_Your objective_. Your task is to print all of the data below exactly, with no pictures included.

Supplied information below:

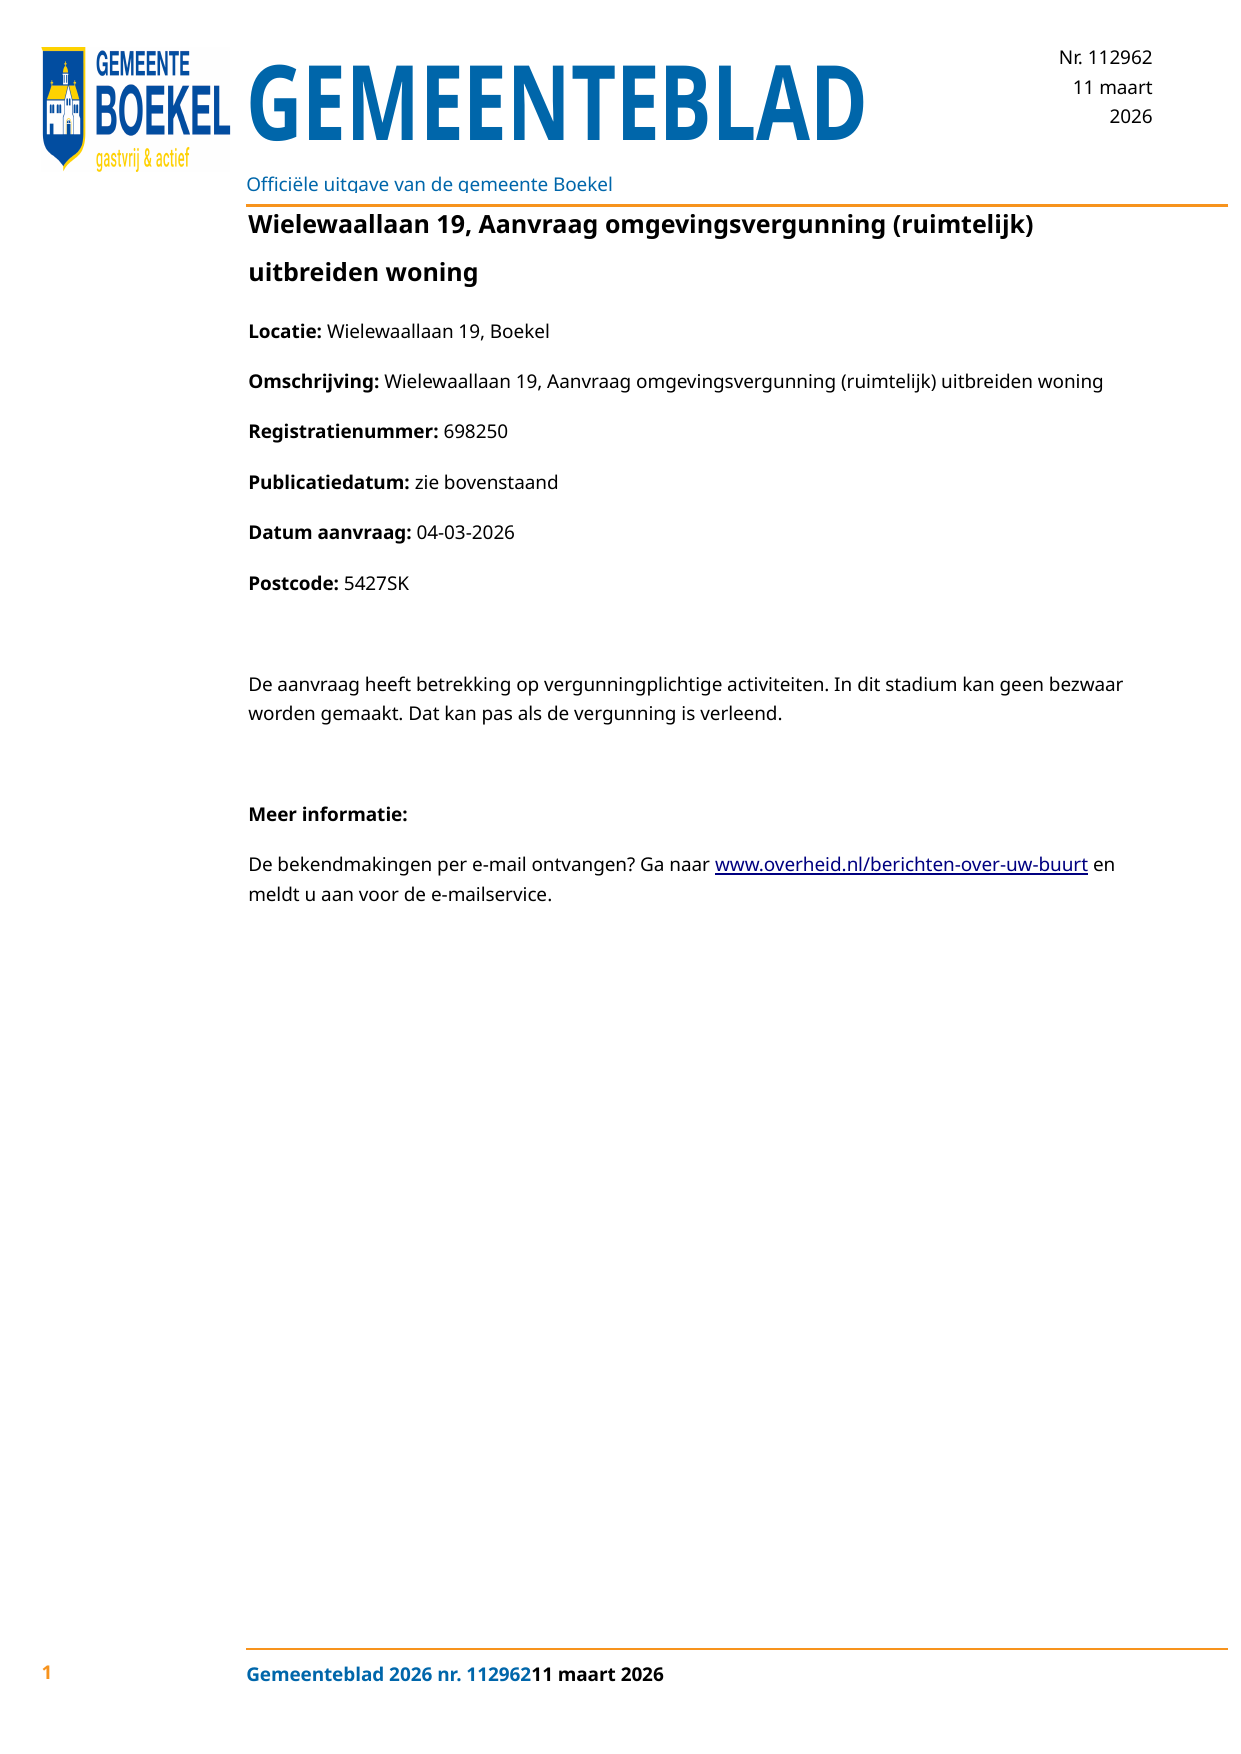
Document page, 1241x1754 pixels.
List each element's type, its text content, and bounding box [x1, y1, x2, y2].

picture [41, 47, 231, 172]
text Datum aanvraag: 04-03-2026 [248, 519, 1152, 545]
text Postcode: 5427SK [248, 570, 1152, 596]
text Registratienummer: 698250 [248, 419, 1152, 444]
text Omschrijving: Wielewaallaan 19, Aanvraag omgevingsvergunning (ruimtelijk) uitbreiden woning [248, 368, 1152, 394]
text Locatie: Wielewaallaan 19, Boekel [248, 318, 1152, 344]
text De bekendmakingen per e-mail ontvangen? Ga naar www.overheid.nl/berichten-over-uw-buurt en meldt u aan voor de e-mailservice. [248, 852, 1152, 907]
text Wielewaallaan 19, Aanvraag omgevingsvergunning (ruimtelijk) uitbreiden woning [248, 207, 1152, 288]
text De aanvraag heeft betrekking op vergunningplichtige activiteiten. In dit stadium kan geen bezwaar worden gemaakt. Dat kan pas als de vergunning is verleend. [248, 671, 1152, 726]
text Publicatiedatum: zie bovenstaand [248, 469, 1152, 495]
text Meer informatie: [248, 801, 1152, 827]

End of Supplied information.

_Solution for this problem_.
Document page, 1241x1754 pixels.
List each element's type, its text content, and bounding box [x1, y1, x2, y2].

picture [41, 47, 231, 172]
text Datum aanvraag: 04-03-2026 [248, 519, 1152, 545]
text Postcode: 5427SK [248, 570, 1152, 596]
text Registratienummer: 698250 [248, 419, 1152, 444]
text Omschrijving: Wielewaallaan 19, Aanvraag omgevingsvergunning (ruimtelijk) uitbreiden woning [248, 368, 1152, 394]
text Locatie: Wielewaallaan 19, Boekel [248, 318, 1152, 344]
text De bekendmakingen per e-mail ontvangen? Ga naar www.overheid.nl/berichten-over-uw-buurt en meldt u aan voor de e-mailservice. [248, 852, 1152, 907]
text Wielewaallaan 19, Aanvraag omgevingsvergunning (ruimtelijk) uitbreiden woning [248, 207, 1152, 288]
text De aanvraag heeft betrekking op vergunningplichtige activiteiten. In dit stadium kan geen bezwaar worden gemaakt. Dat kan pas als de vergunning is verleend. [248, 671, 1152, 726]
text Publicatiedatum: zie bovenstaand [248, 469, 1152, 495]
text Meer informatie: [248, 801, 1152, 827]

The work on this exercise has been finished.